Alphaville – Big In Japan
“Forever Young” by this German band is now the better known track (thanks in part to the O.C.-featured cover by the Youth Group), but this is the better song. Its sound is certainly of its time, the synth-as-kitchen-sink production testifies to it. As for the lyrics, what is it about? Drugs and prostitution?

Brenda & the Big Dudes – Weekend Special
Brenda Fassie’s debut at 19 was also her opus, a wonderfully poppy dance track with a memorable chorus. Fassie became one of South Africa’s most popular singers and most controversial celebrities, famous for her drug-fuelled lifestyle, sexual exploits, outrageous image changes and divaesque outbursts. She died in 2004, apparently of complications from smoking cocaine.

Prince – Darling Nikki
“Darling Nikki” is an often overlooked track in the masterpiece that is Purple Rain. One person who didn’t overlook it was Tipper Gore (Al’s wife), who took such exception to the lyrics about a girl who liked to masturbate publicly and grind a lot. Those “Adult Advisory” labels any two-bit rapper needs to have on the cover (even the whimpish wankers like Akon), well, it was Tipper who invented them because Prince corrupted the kids of 1984. The globe evidently had not started warming yet. As for Prince, his Purple Rain getup was rather flamboyant, so much so that many people thought he was gay. Prince. Gay. The innocent ’80s, eh? Elton John married Renate. Not gay. George Michael was adored by teenage girls. Not gay. Freddy Mercury sang ROCK, for crying out loud. Definitely not gay. Boy George…okay, we did suspect he was gay. Prince bedded more gorgeous women than any of us have seen in our lifetime. GAY, the ’80s consensus had it. Not that there’s anything wrong with it.

InDeep – Last Night The DJ Saved My Life
Dig the Chic-sampling bassline and guitar. A dance classic that borrowed liberally from disco at a time when disco was anathema. Well, it had a rap in it to keep the breakdancers happy. And you must love a song that provides aural evidence of trouble going down the drain.

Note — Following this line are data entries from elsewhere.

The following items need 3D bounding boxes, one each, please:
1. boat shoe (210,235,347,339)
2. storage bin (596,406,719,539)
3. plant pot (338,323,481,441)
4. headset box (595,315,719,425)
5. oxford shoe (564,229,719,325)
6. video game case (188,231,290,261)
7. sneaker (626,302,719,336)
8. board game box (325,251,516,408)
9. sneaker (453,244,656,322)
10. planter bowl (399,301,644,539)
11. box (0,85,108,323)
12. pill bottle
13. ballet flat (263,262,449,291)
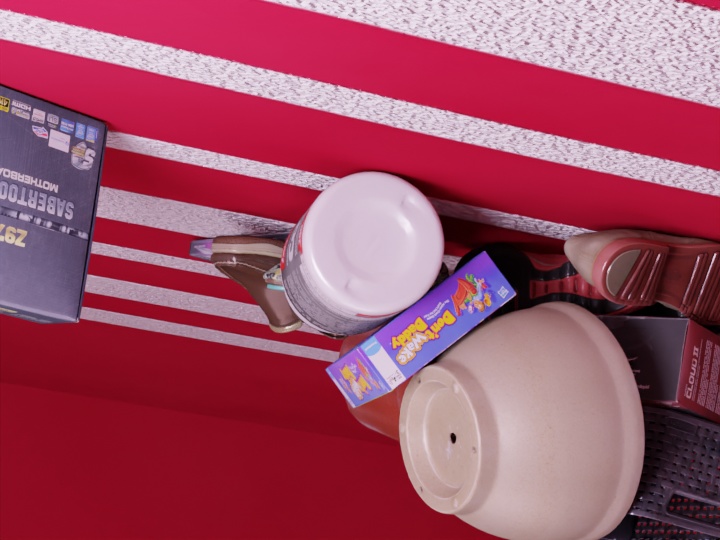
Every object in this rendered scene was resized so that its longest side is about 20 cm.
[{"bbox_3d":[-0.066,0.021,1.752,0.074,0.075,0.202,-1,166,40],"label":"boat shoe"},{"bbox_3d":[0.235,0.180,1.617,0.135,0.094,0.200,18,164,-26],"label":"storage bin"},{"bbox_3d":[0.086,0.109,1.943,0.200,0.202,0.195,14,176,-31],"label":"plant pot"},{"bbox_3d":[0.254,0.096,1.620,0.148,0.078,0.200,0,164,39],"label":"headset box"},{"bbox_3d":[0.258,-0.005,1.564,0.199,0.071,0.075,13,-165,-36],"label":"oxford shoe"},{"bbox_3d":[-0.051,-0.012,1.821,0.142,0.019,0.199,17,167,-41],"label":"video game case"},{"bbox_3d":[0.335,0.045,1.689,0.200,0.076,0.115,-4,163,39],"label":"sneaker"},{"bbox_3d":[0.047,0.054,1.596,0.134,0.045,0.200,-37,179,-11],"label":"board game box"},{"bbox_3d":[0.178,0.021,1.682,0.199,0.074,0.087,2,171,33],"label":"sneaker"},{"bbox_3d":[0.117,0.131,1.521,0.134,0.201,0.200,-5,178,-31],"label":"planter bowl"},{"bbox_3d":[-0.282,-0.056,1.357,0.051,0.159,0.200,-2,165,44],"label":"box"},{"bbox_3d":[-0.006,-0.008,1.544,0.113,0.115,0.200,9,169,-9],"label":"pill bottle"},{"bbox_3d":[0.000,0.000,1.705,0.199,0.075,0.074,12,169,-37],"label":"ballet flat"}]

Weather Girls – It’s Raining Men
Hi-NRG disco was huge in 1984, and I fully welcomed that. Evelyn Thomas’ “High Energy”, Hazell Dean’s rousing dance anthems, the Weather Girls…it was the musical equivalent of a sugar rush. I have been told that “It’s Raining Men” is a bit of a gay anthem, but surely not.

Nena – 99 Luftballons
A perfect pop song with a weak-ass metaphor for the Cold War generation. Nena, bless her, made hairy armpits sexy. But the song’s real place in history rests in the fact that the German version was a huge hit in the US. In Britain, the far inferior English version was a hit.

Sade – Your Love Is King
In 1984, Sade’s sound was something quite unique. Boring acts like Norah Jones owe a lot to Sade, who never was as dull as her winebar reputation would have it. Her debut album scores the soundtrack of my last few weeks in South Africa (playing often in the blue VW Beetle I drove after obtaining my drivers’ licence in August — in SA you may not drive until you’re 18) and my arrival in Germany for a nine-week holiday before decamping for London. I love the sad-sounding saxophone that kicks off the song, and Sade’s cool yet warm delivery that properly communicates total yearning.

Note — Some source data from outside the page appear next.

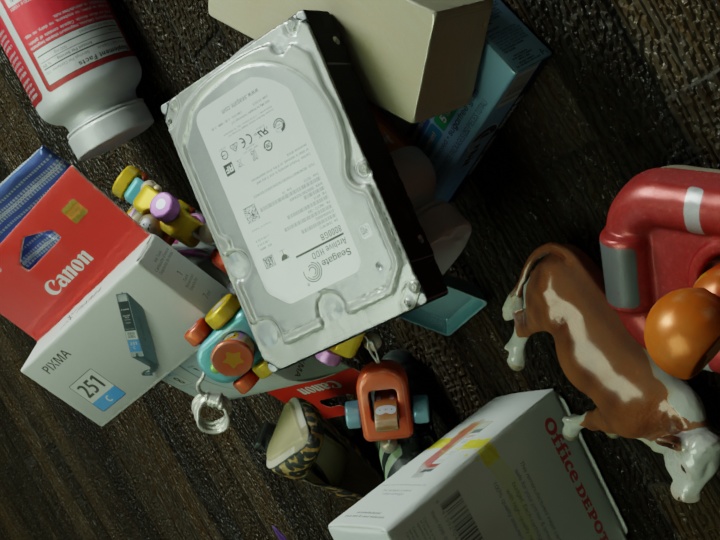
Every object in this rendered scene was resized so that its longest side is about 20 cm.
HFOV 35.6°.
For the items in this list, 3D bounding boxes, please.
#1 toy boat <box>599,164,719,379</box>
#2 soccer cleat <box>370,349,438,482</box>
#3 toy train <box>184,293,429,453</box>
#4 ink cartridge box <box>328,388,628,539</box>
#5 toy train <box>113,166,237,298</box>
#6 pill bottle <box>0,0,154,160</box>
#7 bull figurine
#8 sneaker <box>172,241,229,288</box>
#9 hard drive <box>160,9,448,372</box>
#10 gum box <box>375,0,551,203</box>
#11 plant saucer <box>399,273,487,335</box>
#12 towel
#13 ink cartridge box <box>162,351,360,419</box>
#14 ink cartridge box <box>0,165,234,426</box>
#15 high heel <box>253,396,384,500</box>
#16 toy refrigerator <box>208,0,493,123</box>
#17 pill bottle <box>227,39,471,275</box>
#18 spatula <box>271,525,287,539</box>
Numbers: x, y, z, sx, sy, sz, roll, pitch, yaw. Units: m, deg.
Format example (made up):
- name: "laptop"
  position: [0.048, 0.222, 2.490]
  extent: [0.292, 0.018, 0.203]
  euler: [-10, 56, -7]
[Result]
- name: "toy boat"
  position: [0.214, 0.020, 0.652]
  extent: [0.199, 0.130, 0.132]
  euler: [13, 125, 45]
- name: "soccer cleat"
  position: [0.048, 0.161, 0.949]
  extent: [0.081, 0.067, 0.202]
  euler: [-25, 58, 48]
- name: "toy train"
  position: [-0.046, 0.087, 0.891]
  extent: [0.198, 0.056, 0.152]
  euler: [-2, 108, 4]
- name: "ink cartridge box"
  position: [0.096, 0.204, 0.866]
  extent: [0.083, 0.199, 0.146]
  euler: [-17, 102, 56]
- name: "toy train"
  position: [-0.156, -0.024, 1.021]
  extent: [0.150, 0.056, 0.200]
  euler: [37, 177, -37]
- name: "pill bottle"
  position: [-0.285, -0.216, 1.094]
  extent: [0.112, 0.112, 0.201]
  euler: [-20, 98, 53]
- name: "bull figurine"
  position: [0.175, 0.073, 0.791]
  extent: [0.201, 0.065, 0.121]
  euler: [59, 149, 7]
- name: "sneaker"
  position: [-0.198, 0.011, 1.072]
  extent: [0.088, 0.198, 0.082]
  euler: [37, 125, 49]
- name: "hard drive"
  position: [-0.041, -0.049, 0.738]
  extent: [0.139, 0.038, 0.202]
  euler: [-25, 87, 33]
- name: "gum box"
  position: [0.024, -0.164, 0.822]
  extent: [0.200, 0.044, 0.170]
  euler: [50, 143, 13]
- name: "plant saucer"
  position: [0.000, 0.000, 0.891]
  extent: [0.198, 0.019, 0.070]
  euler: [20, 147, -16]
- name: "towel"
  position: [-0.236, -0.005, 0.970]
  extent: [0.144, 0.024, 0.200]
  euler: [-31, 116, 36]
- name: "ink cartridge box"
  position: [-0.084, 0.107, 1.049]
  extent: [0.199, 0.048, 0.160]
  euler: [33, 150, -25]
- name: "ink cartridge box"
  position: [-0.233, 0.031, 0.960]
  extent: [0.176, 0.045, 0.200]
  euler: [40, 127, -18]
- name: "high heel"
  position: [-0.018, 0.177, 1.040]
  extent: [0.142, 0.072, 0.200]
  euler: [26, 167, -9]
- name: "toy refrigerator"
  position: [-0.010, -0.179, 0.759]
  extent: [0.199, 0.070, 0.076]
  euler: [32, 127, 30]
- name: "pill bottle"
  position: [-0.018, -0.070, 0.808]
  extent: [0.200, 0.112, 0.113]
  euler: [45, 142, 17]
- name: "spatula"
  position: [-0.003, 0.229, 0.811]
  extent: [0.199, 0.021, 0.057]
  euler: [8, 134, 48]

The Smiths – How Soon Is Now (Peel session)
The song that described my life for much of the ’80s. Shyness that is criminally vulgar? Check. Going to a club and hope to meet somebody who likes me and standing on my own and leaving on my own and going home and wanting to die. Check (didn’t cry, though). This version is from the BBC Peel Sessions, recorded in August 1984. Johnny Marr does recreate the wailing guitar sound, paying paid to the rumour that it was created through studio trickery.

The Special A.K.A. – Free Nelson Mandela
To the surprise of nobody, this was banned in South Africa. In fact, in apartheid SA it was illegal to quote Mandela (or any proscribed person) or even to own a picture of him. So I learned about this tune only when I arrived in London in November 1984. It had vacated the charts by then, but I embraced it wholeheartedly. It turned out to be a great awareness-raising song for the anti-apartheid movement in Britain.

Immaculate Fools – Immaculate Fools
December 1984 in London: my favourite pub in Notting Hill had a video juke box (oooh!)). This was on constant rotation. In Britain these soft rockers (think China Crisis) were a one-hit wonder. Google tells me that the Fools became so big in Spain that they moved over there. (previously uploaded)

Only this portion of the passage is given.